What the exercise asks:
Make an exact copy of the records, leaving out the images.

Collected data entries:
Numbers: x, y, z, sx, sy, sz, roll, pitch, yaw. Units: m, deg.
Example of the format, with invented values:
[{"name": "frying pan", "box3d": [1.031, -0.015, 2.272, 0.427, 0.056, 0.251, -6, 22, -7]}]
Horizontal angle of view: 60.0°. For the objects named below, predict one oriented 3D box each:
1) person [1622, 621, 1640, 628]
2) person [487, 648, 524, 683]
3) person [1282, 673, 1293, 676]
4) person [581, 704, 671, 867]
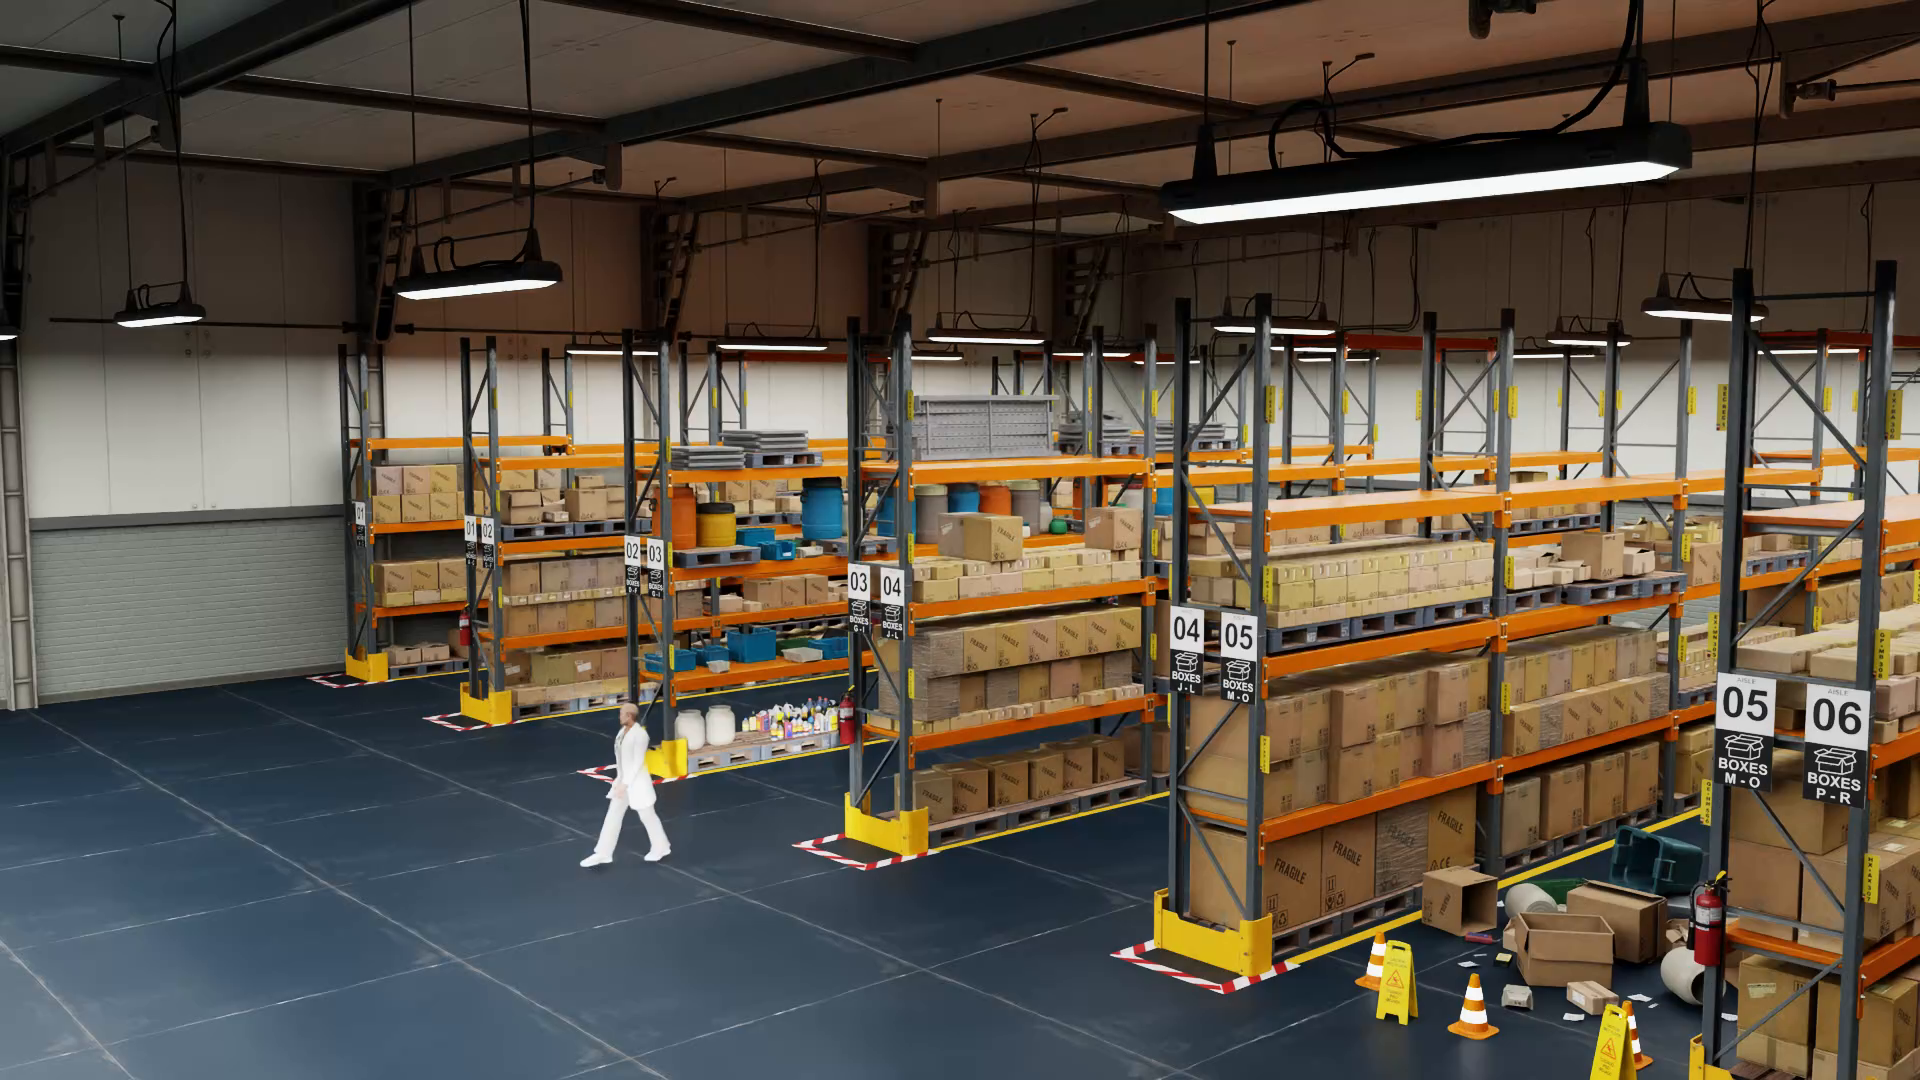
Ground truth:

Task output:
Numbers: x, y, z, sx, sy, sz, roll, pitch, yaw. Units: m, deg.
Example of the format, with invented values:
[{"name": "frying pan", "box3d": [1.031, -0.015, 2.272, 0.427, 0.056, 0.251, -6, 22, -7]}]
Horizontal angle of view: 60.0°. For the objects named below, predict one oriented 3D box each:
1) person [1622, 621, 1640, 628]
2) person [487, 648, 524, 683]
3) person [1282, 673, 1293, 676]
4) person [581, 704, 671, 867]
Ground truth:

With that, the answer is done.